When I get home, I throw my phone under my bed with a guttural scream of pure agony. If this isn’t the absolute worst day of my life, I don’t know what is, and the last thing I want are a bunch of texts from Suze or anyone else asking where the hell I ran off to. Then I go into the bathroom and scrub the makeup off my face, which almost involves taking it off with a cheese grater. Damn. Desiree seriously spackles it on. After that, I change into my comfiest, most ridiculous pajamas—hello, pink skeletons with pretty bows on top of your head—and pour myself a glass of wine.
That is, I pour almost the whole bottle of merlot into the jumbo plastic Avengers cup I got at the movies, but it’s been a hard day, dammit. I sit on the couch and flip on the TV, desperate for some mindless escapism. I will watch anything but The Big Bang Theory. That show has no respect for nerds.
The front door buzzer sounds. Instantly I flinch, and snuggle down deeper under my fleece blanket. I wait, hoping it’s just some drunk guy looking for his hookup’s number, but nope. There it is again. Groaning, I pause and go over to the speaker. “Who is it?” I say.

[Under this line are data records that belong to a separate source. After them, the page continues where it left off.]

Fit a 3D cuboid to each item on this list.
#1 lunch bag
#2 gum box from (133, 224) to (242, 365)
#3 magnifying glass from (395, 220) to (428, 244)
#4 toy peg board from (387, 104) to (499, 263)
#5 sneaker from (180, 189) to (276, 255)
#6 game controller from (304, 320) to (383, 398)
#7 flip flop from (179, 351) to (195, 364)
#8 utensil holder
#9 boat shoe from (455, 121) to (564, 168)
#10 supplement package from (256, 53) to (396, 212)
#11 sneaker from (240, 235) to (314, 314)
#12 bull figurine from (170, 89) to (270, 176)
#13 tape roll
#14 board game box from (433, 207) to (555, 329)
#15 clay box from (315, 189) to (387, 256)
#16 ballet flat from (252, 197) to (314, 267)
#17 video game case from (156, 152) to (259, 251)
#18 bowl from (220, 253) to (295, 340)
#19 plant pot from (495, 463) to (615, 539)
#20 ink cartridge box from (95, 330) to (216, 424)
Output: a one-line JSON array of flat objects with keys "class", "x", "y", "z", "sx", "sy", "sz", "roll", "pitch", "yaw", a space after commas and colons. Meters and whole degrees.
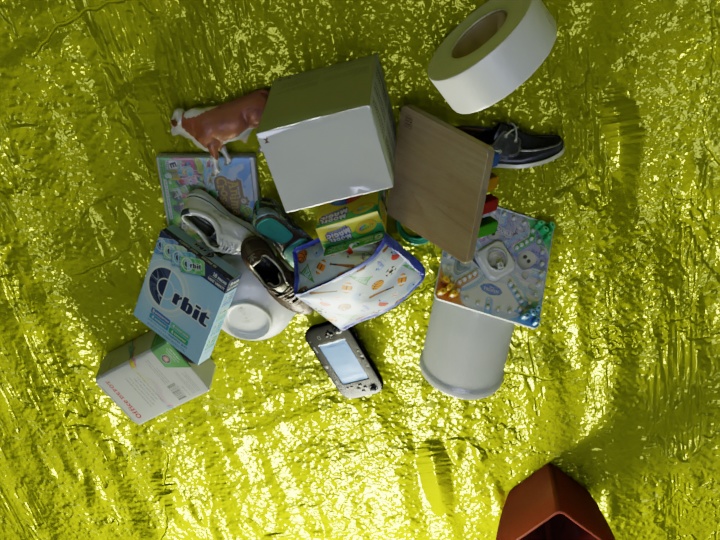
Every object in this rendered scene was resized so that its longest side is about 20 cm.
[{"class": "lunch bag", "x": 0.000, "y": 0.000, "z": 1.689, "sx": 0.197, "sy": 0.126, "sz": 0.169, "roll": -21, "pitch": 146, "yaw": 25}, {"class": "gum box", "x": -0.325, "y": 0.046, "z": 1.739, "sx": 0.168, "sy": 0.044, "sz": 0.203, "roll": 34, "pitch": 121, "yaw": 15}, {"class": "magnifying glass", "x": 0.090, "y": -0.133, "z": 1.678, "sx": 0.078, "sy": 0.023, "sz": 0.203, "roll": -10, "pitch": 122, "yaw": 11}, {"class": "toy peg board", "x": 0.154, "y": -0.154, "z": 1.560, "sx": 0.097, "sy": 0.199, "sz": 0.203, "roll": -19, "pitch": 130, "yaw": -38}, {"class": "sneaker", "x": -0.243, "y": -0.060, "z": 1.686, "sx": 0.198, "sy": 0.072, "sz": 0.073, "roll": 35, "pitch": 138, "yaw": -14}, {"class": "game controller", "x": -0.032, "y": 0.180, "z": 1.888, "sx": 0.102, "sy": 0.042, "sz": 0.202, "roll": -21, "pitch": 120, "yaw": 17}, {"class": "flip flop", "x": -0.330, "y": 0.081, "z": 1.821, "sx": 0.079, "sy": 0.058, "sz": 0.205, "roll": -5, "pitch": 105, "yaw": 18}, {"class": "utensil holder", "x": 0.205, "y": 0.108, "z": 1.747, "sx": 0.166, "sy": 0.171, "sz": 0.204, "roll": 7, "pitch": 123, "yaw": -1}, {"class": "boat shoe", "x": 0.248, "y": -0.215, "z": 1.579, "sx": 0.195, "sy": 0.072, "sz": 0.069, "roll": 0, "pitch": 126, "yaw": 7}, {"class": "supplement package", "x": -0.047, "y": -0.226, "z": 1.515, "sx": 0.187, "sy": 0.202, "sz": 0.149, "roll": -12, "pitch": 123, "yaw": 12}, {"class": "sneaker", "x": -0.147, "y": 0.026, "z": 1.680, "sx": 0.070, "sy": 0.076, "sz": 0.200, "roll": -38, "pitch": 122, "yaw": 11}, {"class": "bull figurine", "x": -0.230, "y": -0.239, "z": 1.596, "sx": 0.196, "sy": 0.066, "sz": 0.123, "roll": -16, "pitch": 116, "yaw": 12}, {"class": "tape roll", "x": 0.200, "y": -0.336, "z": 1.422, "sx": 0.201, "sy": 0.204, "sz": 0.071, "roll": -33, "pitch": 116, "yaw": 24}, {"class": "board game box", "x": 0.242, "y": -0.020, "z": 1.648, "sx": 0.196, "sy": 0.204, "sz": 0.026, "roll": 16, "pitch": 160, "yaw": -7}, {"class": "clay box", "x": -0.013, "y": -0.109, "z": 1.592, "sx": 0.113, "sy": 0.202, "sz": 0.048, "roll": -16, "pitch": 123, "yaw": 14}, {"class": "ballet flat", "x": -0.133, "y": -0.069, "z": 1.703, "sx": 0.073, "sy": 0.076, "sz": 0.200, "roll": -19, "pitch": 144, "yaw": 16}, {"class": "video game case", "x": -0.272, "y": -0.122, "z": 1.710, "sx": 0.177, "sy": 0.022, "sz": 0.204, "roll": 1, "pitch": 124, "yaw": 3}, {"class": "bowl", "x": -0.210, "y": 0.068, "z": 1.783, "sx": 0.196, "sy": 0.091, "sz": 0.204, "roll": 1, "pitch": 131, "yaw": 2}, {"class": "plant pot", "x": 0.416, "y": 0.547, "z": 2.026, "sx": 0.199, "sy": 0.178, "sz": 0.200, "roll": 36, "pitch": 120, "yaw": -20}, {"class": "ink cartridge box", "x": -0.418, "y": 0.209, "z": 1.907, "sx": 0.197, "sy": 0.088, "sz": 0.146, "roll": -27, "pitch": 118, "yaw": 18}]
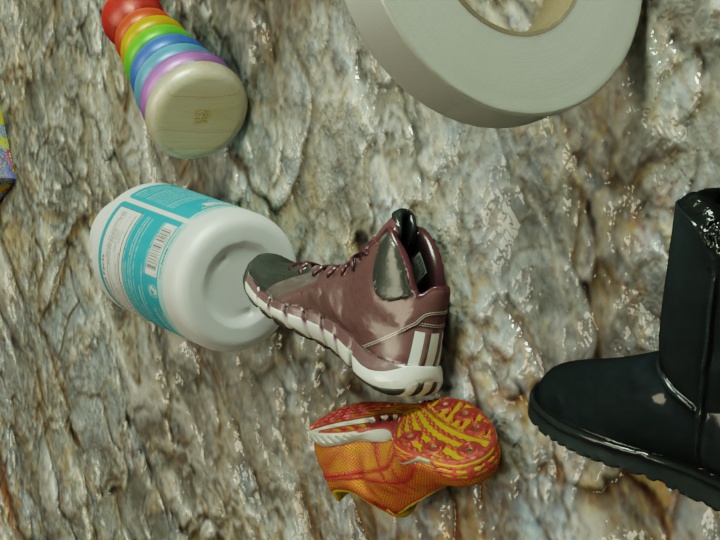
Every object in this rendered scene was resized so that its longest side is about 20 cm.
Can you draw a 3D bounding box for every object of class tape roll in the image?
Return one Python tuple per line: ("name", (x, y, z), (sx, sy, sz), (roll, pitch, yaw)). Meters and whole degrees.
("tape roll", (0.076, -0.184, 1.169), (0.037, 0.202, 0.204), (-15, 80, 57))

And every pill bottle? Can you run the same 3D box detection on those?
("pill bottle", (-0.143, -0.009, 1.606), (0.200, 0.110, 0.111), (21, 109, 56))

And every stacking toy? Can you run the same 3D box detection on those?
("stacking toy", (-0.163, -0.175, 1.668), (0.200, 0.085, 0.086), (56, 137, 49))

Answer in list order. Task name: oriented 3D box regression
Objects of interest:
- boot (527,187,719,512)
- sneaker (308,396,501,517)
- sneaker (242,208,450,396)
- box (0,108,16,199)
("boot", (0.182, 0.033, 1.132), (0.200, 0.076, 0.169), (23, 115, 47))
("sneaker", (0.039, 0.132, 1.391), (0.200, 0.073, 0.077), (-2, 112, 61))
("sneaker", (0.000, 0.000, 1.432), (0.200, 0.075, 0.116), (31, 114, 40))
("box", (-0.461, -0.139, 2.082), (0.193, 0.122, 0.201), (-41, 58, 51))

“Laurel. It’s me,” Flint says.
I could just ask him to go away, lose my number, hit himself with the neuralyzer from Men in Black and forget my address. But we don’t have enough high tech for this situation to work.
“So it is.” I stay there, waiting. He sighs.
“Please let me in. I need to talk to you.”
Go on, tell him to get the hell out of here. Start with some creative swearing; make fuck a verb, noun, adjective, hell, maybe an adverb if you can swing it. But I know, deep down, that I owe it to him to talk. I did just storm out on him and his fiancée and probably left them with a hell of a conversation. Heart thumping, I buzz him up and open my door. A minute later Flint enters, his tie undone, his jacket off.
“Well. What do you—” And then he covers my mouth with a kiss.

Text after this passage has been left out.